Genau darin aber liegt die Gefahr eines Robin-Hood-Effekts. Macht wird innerhalb der Belegschaft umverteilt. „Man nimmt den Reichen und gibt den Armen“, so O’Donnell. Die bisher Reichen seien Subject Matter Experts (SMEs), also Experten für relevante Spezialthemen: „SMEs sind gut bezahlte, hochqualifizierte Technologen wie etwa System-Administratoren und Netzwerk-Ingenieure.“ Und genau diese bisher so unverzichtbaren Mitarbeiter werden sich nach Ansicht Forresters als Opfer der Entwicklung fühlen.
O’Donnell hat für CIOs einige Tipps in dieser brisanten Angelegenheit. Recht zynisch klingt der Ratschlag, die Automatisierung von denjenigen durchführen zu lassen, deren Job just dadurch wegrationalisiert wird: „Obwohl ihre früheren Fähigkeiten vielleicht nicht mehr gebraucht werden, ist ihr Können ein perfektes Fundament der Automatisierung.“ Outsourcing sollte aber möglichst vermieden werden – schließlich liegt der Pfiff an der Automatisierung gerade darin, durch mehr Freiräume die Produktivität der Mitarbeiter zu erhöhen. Gut umgesetzt führt sie in eine Situation, in der sich durch Auslagern überhaupt keine Kosten mehr reduzieren lassen.
Um durch die Verschiebung der Machtverhältnisse keine wichtigen Mitarbeiter oder Talente zu vergrätzen, rät Forrester, wirklich jeden in die Veränderung einzubinden. Dadurch könnten die Verantwortlichen Kooperation und Vertrauen statt Widerstand ernten. Die frei gewordenen Personalressourcen schließlich sollten gezielt in Richtung Innovation gelenkt werden. Da gut ausgebildete Fachkräfte am Ende nicht mehr zu monotonen Tätigkeiten verdammt sind, können sie ihre kreative Potenzial ausschöpfen – und tun das in der Regel sogar gern.

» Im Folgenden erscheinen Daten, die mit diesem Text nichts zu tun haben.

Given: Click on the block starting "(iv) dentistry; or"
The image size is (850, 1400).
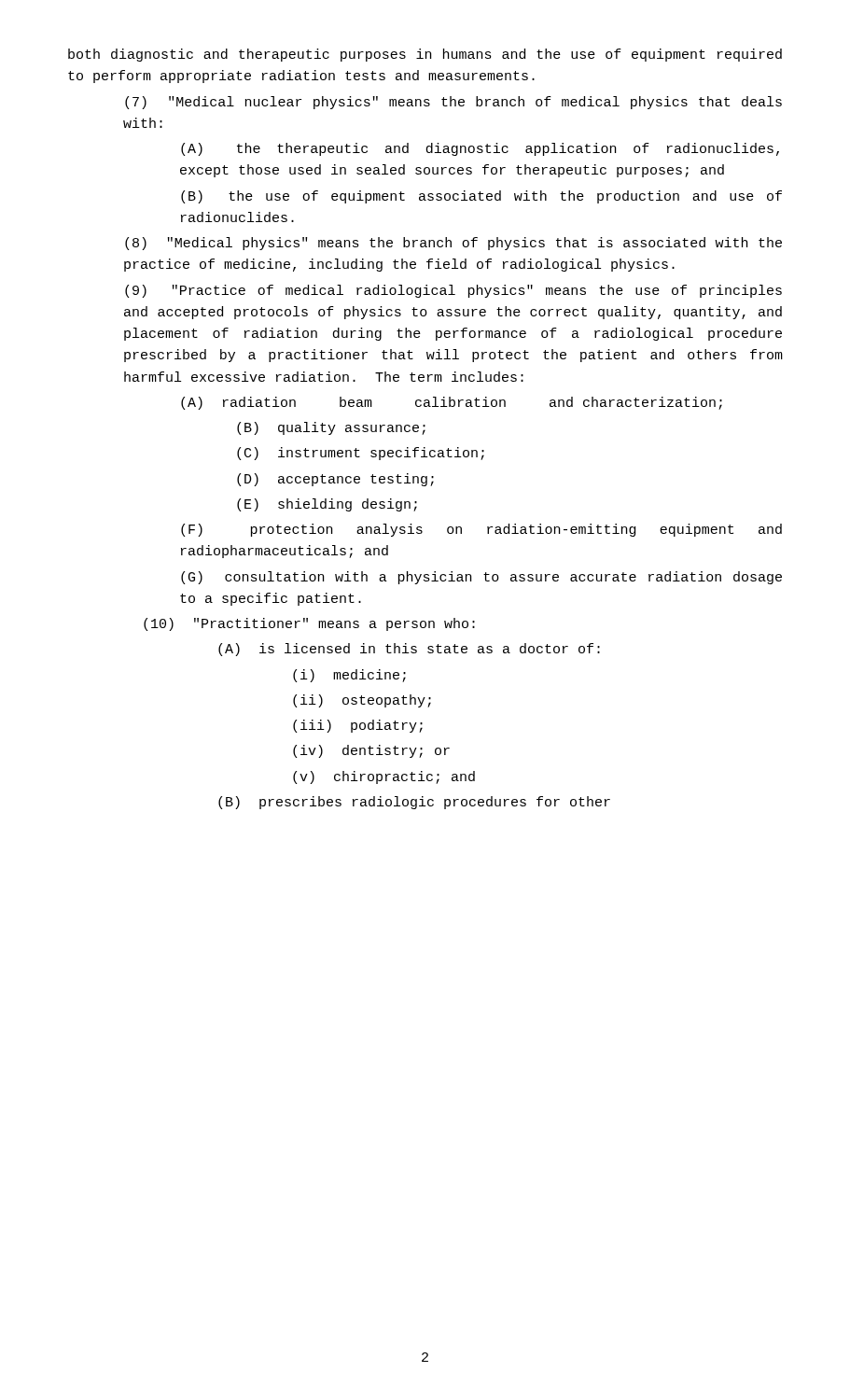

Klein anfangen und Kontrollen einbauen
Feuer frei also für die Automatisierung? Ja, aber nur wenn das Zielrohr justiert ist – denn der Schuss kann in die völlig falsche Richtung losgehen. Wer beispielsweise schlechte Prozesse automatisiert, beschleunigt und verstärkt diese. „Die Ergebnisse können verheerend sein“, warnt O’Donnell. Darum sollten die fraglichen Prozesse vorab gründlich gecheckt werden. Forrester rät zur Anwendung von ITIL und gegebenenfalls zur Nutzung der Expertise von Anbietern und Beratern.
Ferner empfiehlt Forrester, klein anzufangen und die Automatisierung Stück für Stück aufzubauen. Zum Schluss gilt es zu bedenken, dass das gewünschte Empowerment auch Gefahren in sich birgt, geht es doch mit jeder Menge an neuen Freiheiten für die Mitarbeiter einher. „Gute Automatisierung baut Kontrollen ein, um nicht-authorisierte Aktionen und Unfälle zu vermeiden“, so O’Donnell.
Die Studie "Empower I&O Staff With Automation" ist bei Forrester Research erhältlich.